# lumber dim.



## bookerdog (May 18, 2006)

What dim do you guys cut your lumber up at. I was cutting some fir slats up to 2 by 6 and relized a 2 by 6 is really a 1 1/2 by 5 1/2. Just wondering if they still make brackets that fit real 2 by 6


----------



## woodshop (May 18, 2006)

...well you won't find them at the big box or regular hardware store. Maybe somebody somewhere specialized makes something like that. I've never seen it. My 100 year old balloon framed house has real 2 inch by 4 inch 2x4's, 25 ft long studs that go from basement clear up to attic one shot. But they didn't use metal hangers and such back then. This house also has other odd dimensions, like 2 3/4 by 9 inch floor joists. Try finding that in a lumber yard.


----------



## CaseyForrest (May 18, 2006)

woodshop said:


> ...well you won't find them at the big box or regular hardware store. Maybe somebody somewhere specialized makes something like that. I've never seen it. My 100 year old balloon framed house has real 2 inch by 4 inch 2x4's, 25 ft long studs that go from basement clear up to attic one shot. But they didn't use metal hangers and such back then. This house also has other odd dimensions, like 2 3/4 by 9 inch floor joists. Try finding that in a lumber yard.



Thats called Ballon Framing, our house is built the same way, built in 1937.


----------



## woodshop (May 18, 2006)

beg to differ with ya Casey, according to wikipedia encyclopedia, its called balloon framing, as I said. Here is part of their blurb...

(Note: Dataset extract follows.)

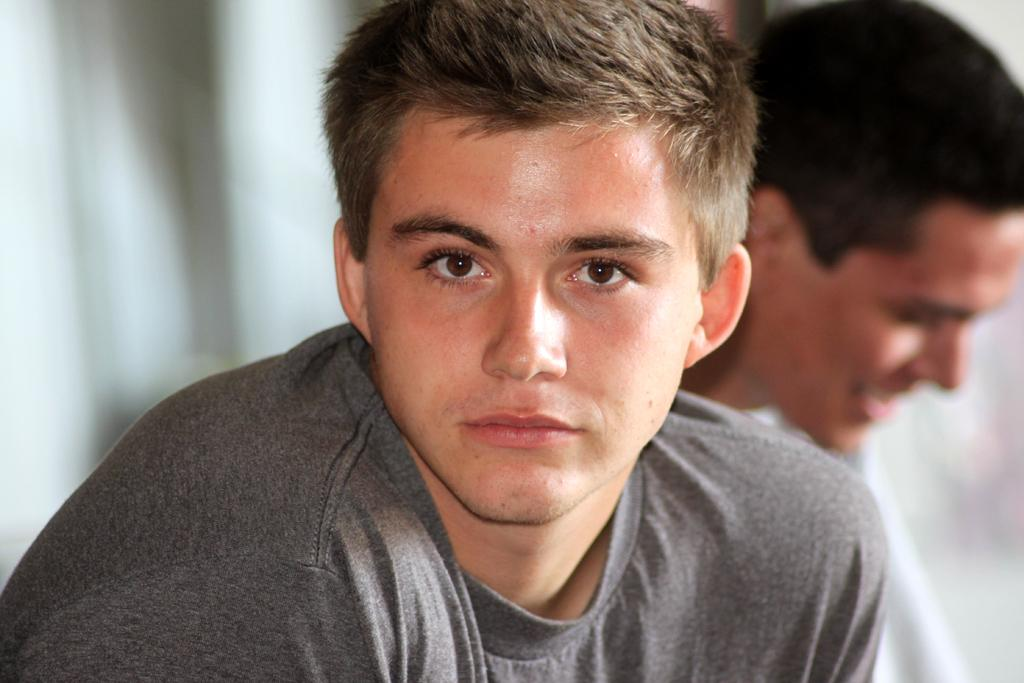What is the man in the image wearing? The man in the image is wearing a grey t-shirt. Where is the man located in the image? The man is in the front of the image. What can be seen in the center of the image? There is a person in the center of the image. What is the facial expression of the person in the center? The person in the center is smiling. How would you describe the background of the image? The background of the image is blurry. What are the boys arguing about in the image? There are no boys present in the image, and therefore no argument can be observed.

Balloon framing is method of wood construction used primarily in Scandinavia, Canada and the United States. In the U.S., this method was introduced by Augustine Taylor (1796-1891) in Chicago. It utilizes long continuous framing members that run from sill to eave line with intermediate floor structures nailed to them. Once popular when lumber was plentiful, balloon framing has been largely replaced by platform framing.

They go on to explain the advantages and disadvantages etc.between balloon and platform framing. Tried to find something on Ballon framing... came up empty. If I missed something, let me know.


----------



## Newfie (May 18, 2006)

I don't think balloon framing even meets code here in Mass. Something about no fire blocking and whoosh the house goes up quick.

On topic, I would check out Simpson Ties to see what they have in their line of products. They are online and if any source is going to have it readily available it would be them.


For thickness I mill the lumber 4/4, 5/4, 6/4 etc. The woodmizer scale figures the green thickness to allow for shrinkage so you can plane it to achieve dimensional stock thicknesses as opposed to the nominal, although most of my customers use it rough since it is smooth enough finish off the saw. Width wise I cut to an even inch. A 1 x 8 off the mill is 8" wide and 4/4 thick(which is thicker than 1"). It's easier to mill this way and the customer doesn't feel like he's paying for a 1/2" he's not getting


----------



## Finnbear (May 19, 2006)

Balloon Framing is correct. My house is built that way. It was built prior to 1900.
Finnbear


----------



## Jwoods (May 23, 2006)

Hey guys,

I saw lumber on the 4/4 scale for hardwood, and on 3/4 inch for construction lumber.

My old house was framed 100+ years ago. They even went so far as if there was good lumber, the roof was framed at 2' centers. In other spots, where the lumber had wane, or bark left on, it was placed at 16". Kinda just used what was available.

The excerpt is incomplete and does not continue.